[Dataset excerpts]

/---

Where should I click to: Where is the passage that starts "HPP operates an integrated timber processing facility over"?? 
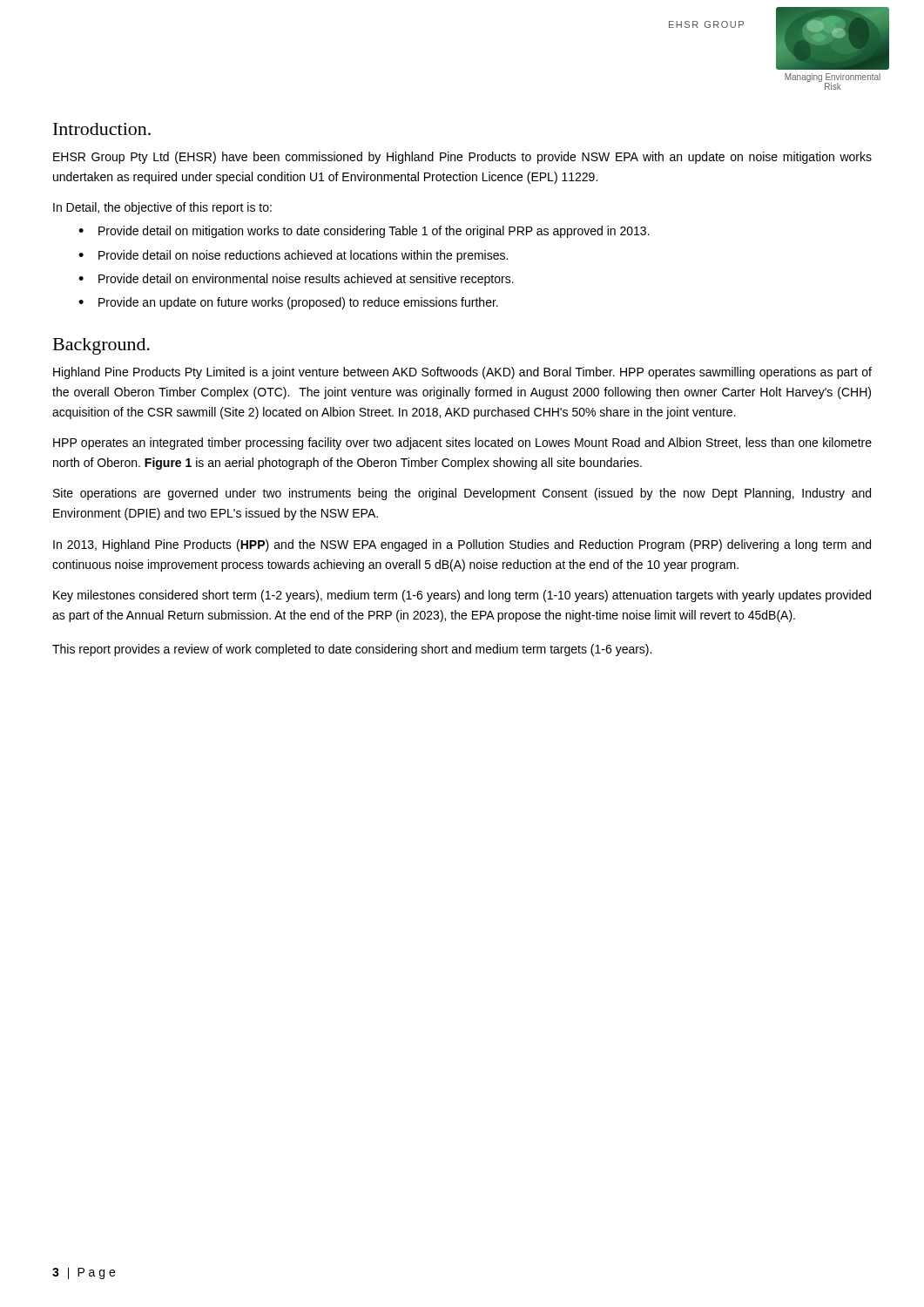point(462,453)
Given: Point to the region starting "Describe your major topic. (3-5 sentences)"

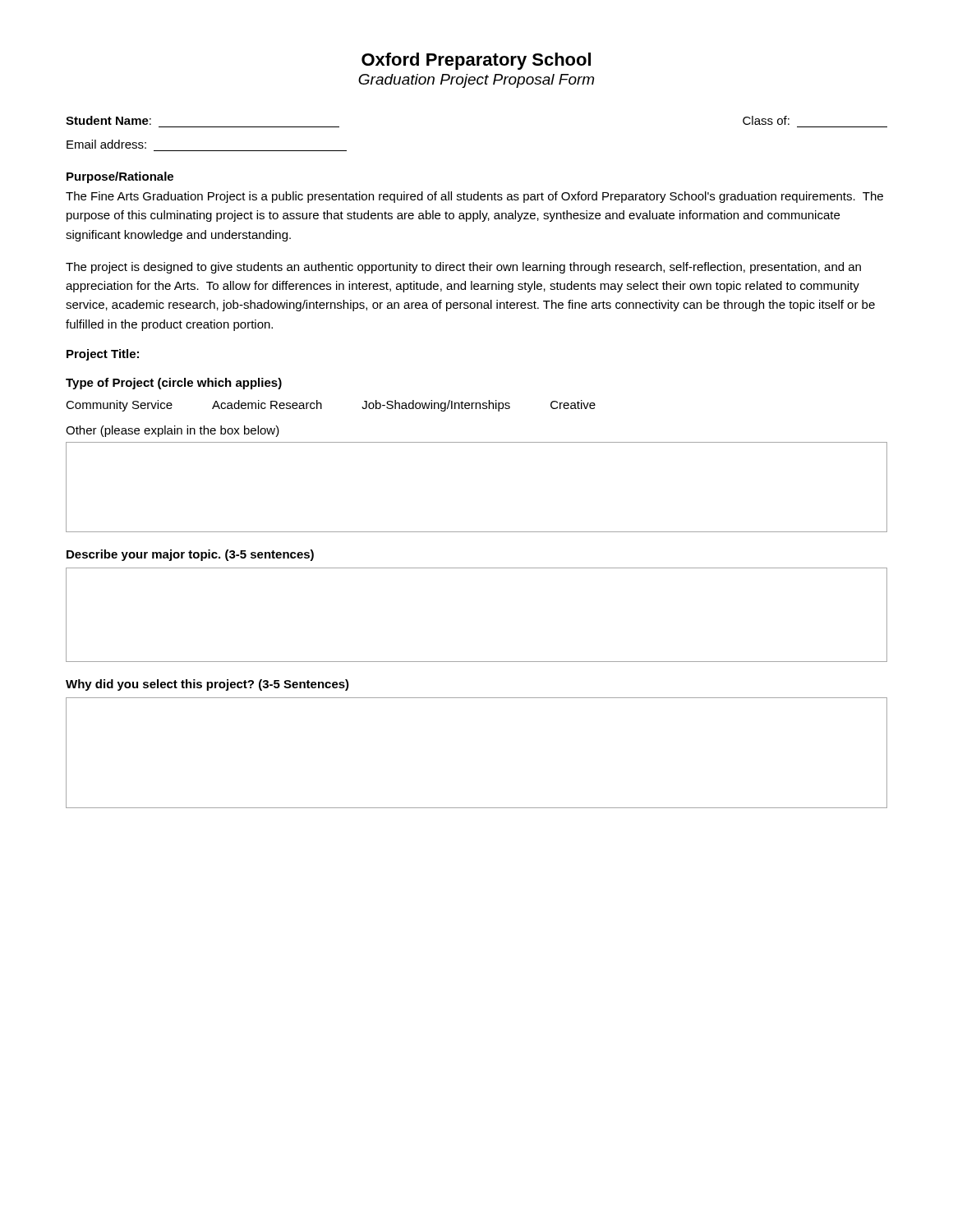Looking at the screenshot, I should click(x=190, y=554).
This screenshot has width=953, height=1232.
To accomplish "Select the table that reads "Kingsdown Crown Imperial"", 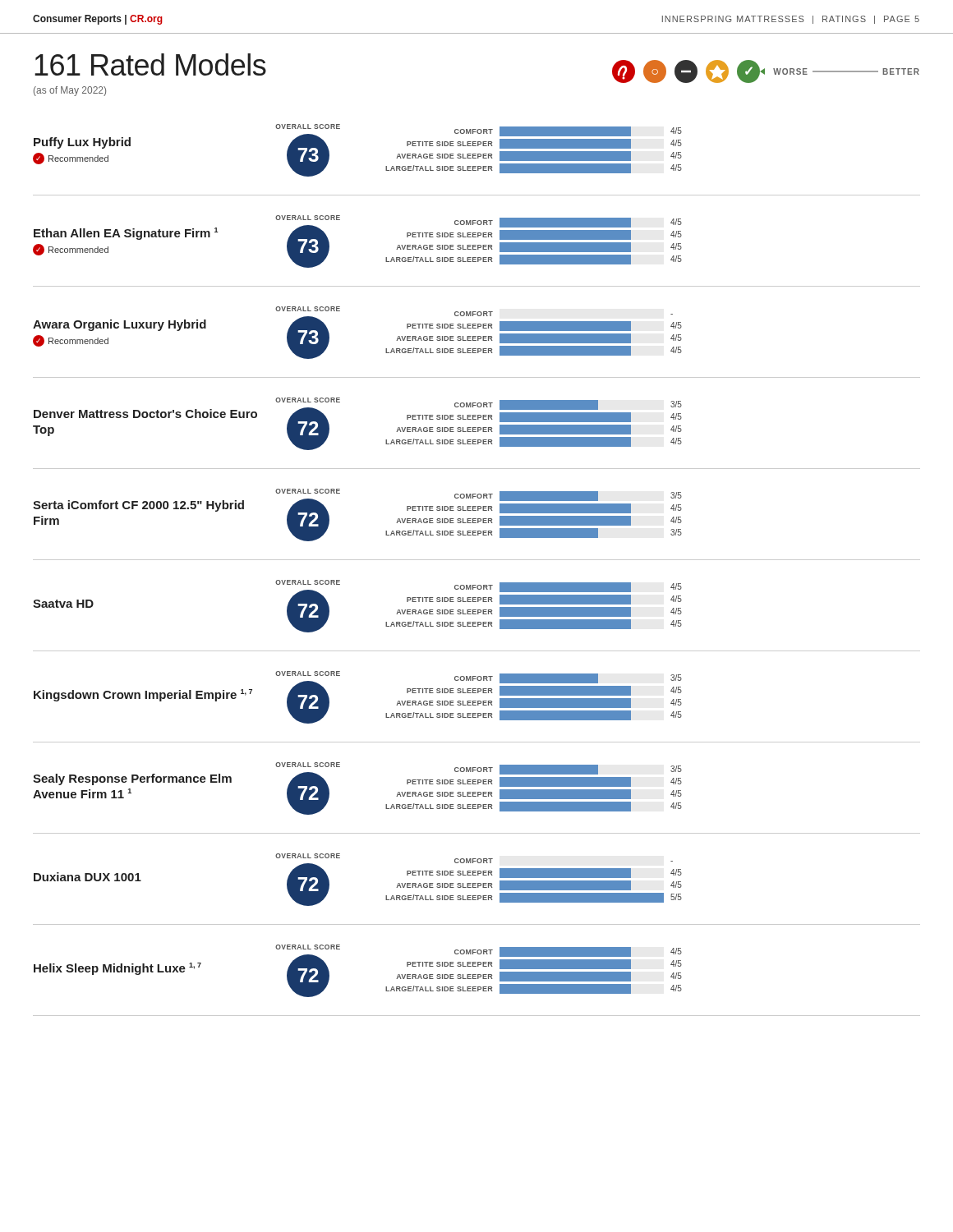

\---

## Exercise
Print every record above exactly, with no pictures.

## Result of this exercise
Where should I click to: Where is the passage that starts "HPP operates an integrated timber processing facility over"?? 
point(462,453)
Given: Point to the region starting "Describe your major topic. (3-5 sentences)"

Looking at the screenshot, I should click(x=190, y=554).
This screenshot has width=953, height=1232.
To accomplish "Select the table that reads "Kingsdown Crown Imperial"", 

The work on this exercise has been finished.